Exercise aim: Filter the entries below, keeping only lines with "person".

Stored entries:
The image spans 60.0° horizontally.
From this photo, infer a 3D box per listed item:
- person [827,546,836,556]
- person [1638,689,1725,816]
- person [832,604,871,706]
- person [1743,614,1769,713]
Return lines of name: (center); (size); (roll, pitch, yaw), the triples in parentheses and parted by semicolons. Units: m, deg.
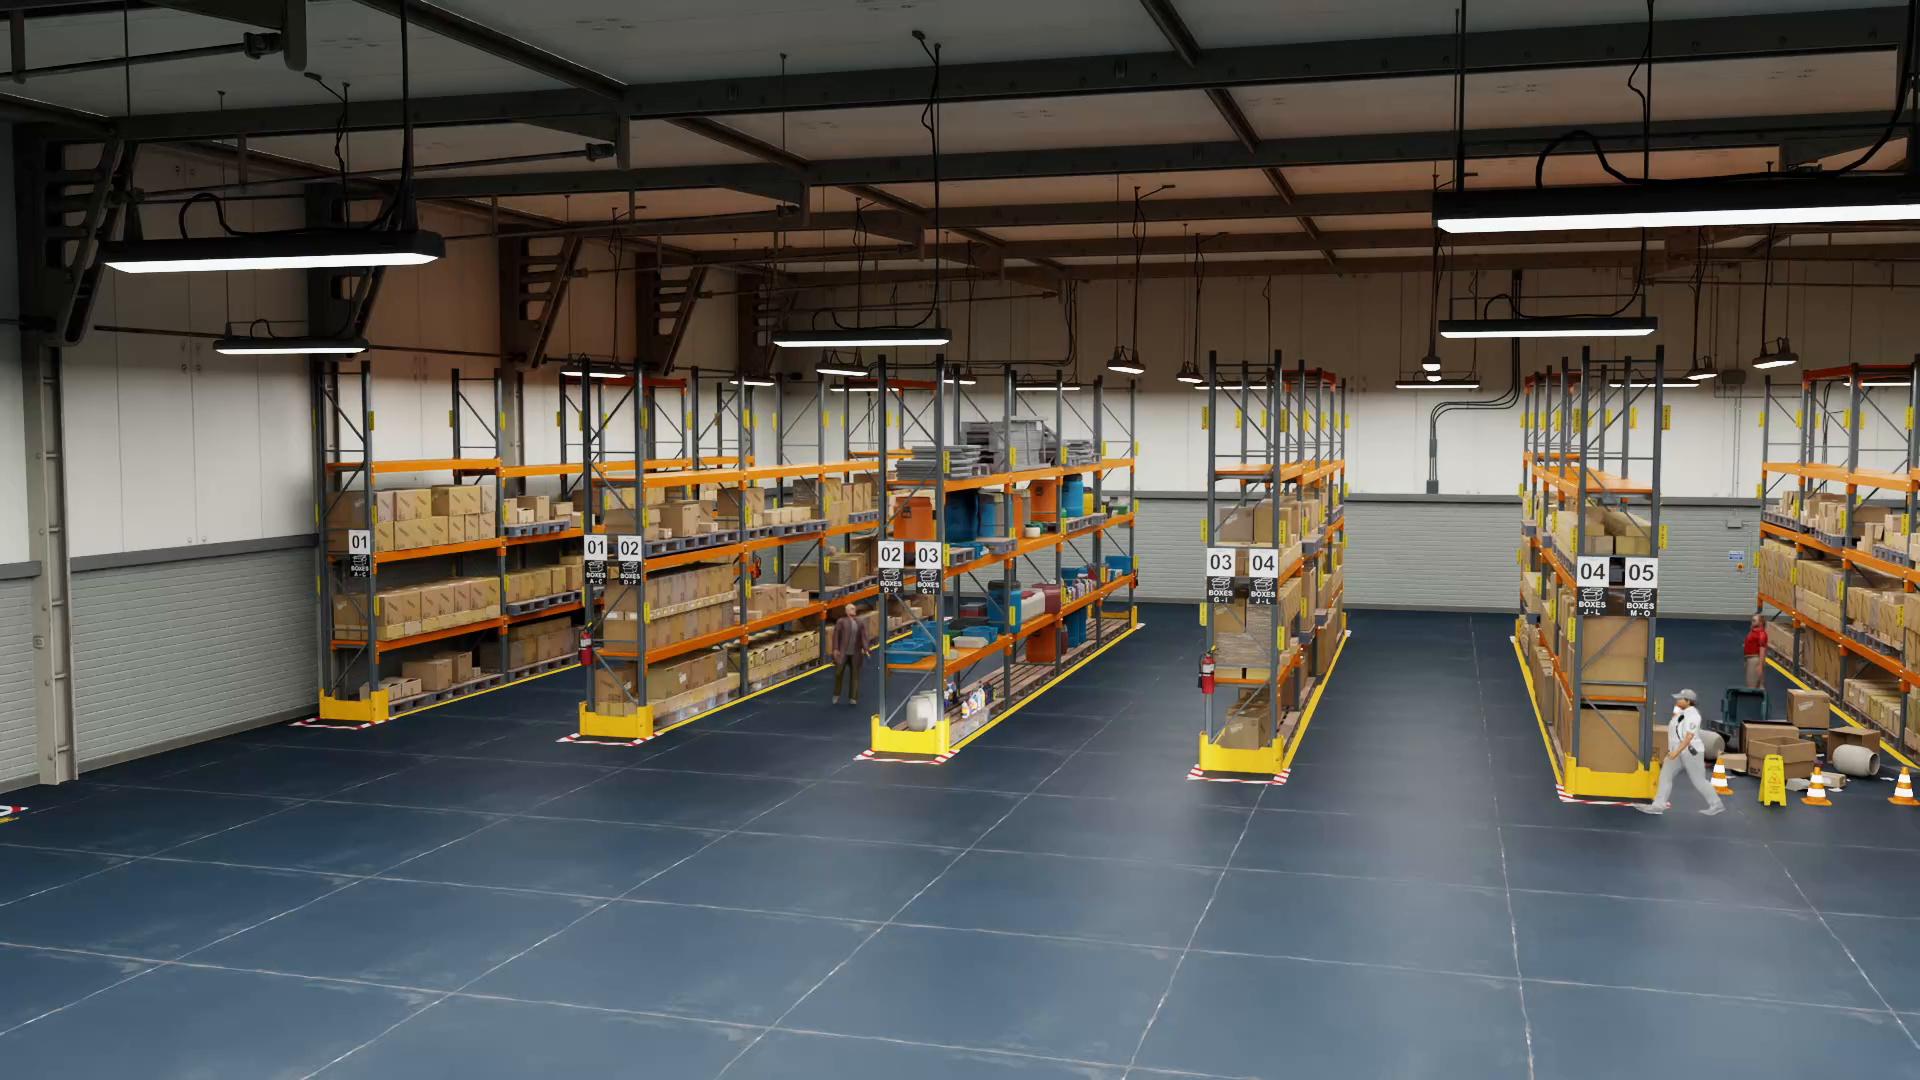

Answer box:
- person [827,546,836,556]
- person [1638,689,1725,816]
- person [832,604,871,706]
- person [1743,614,1769,713]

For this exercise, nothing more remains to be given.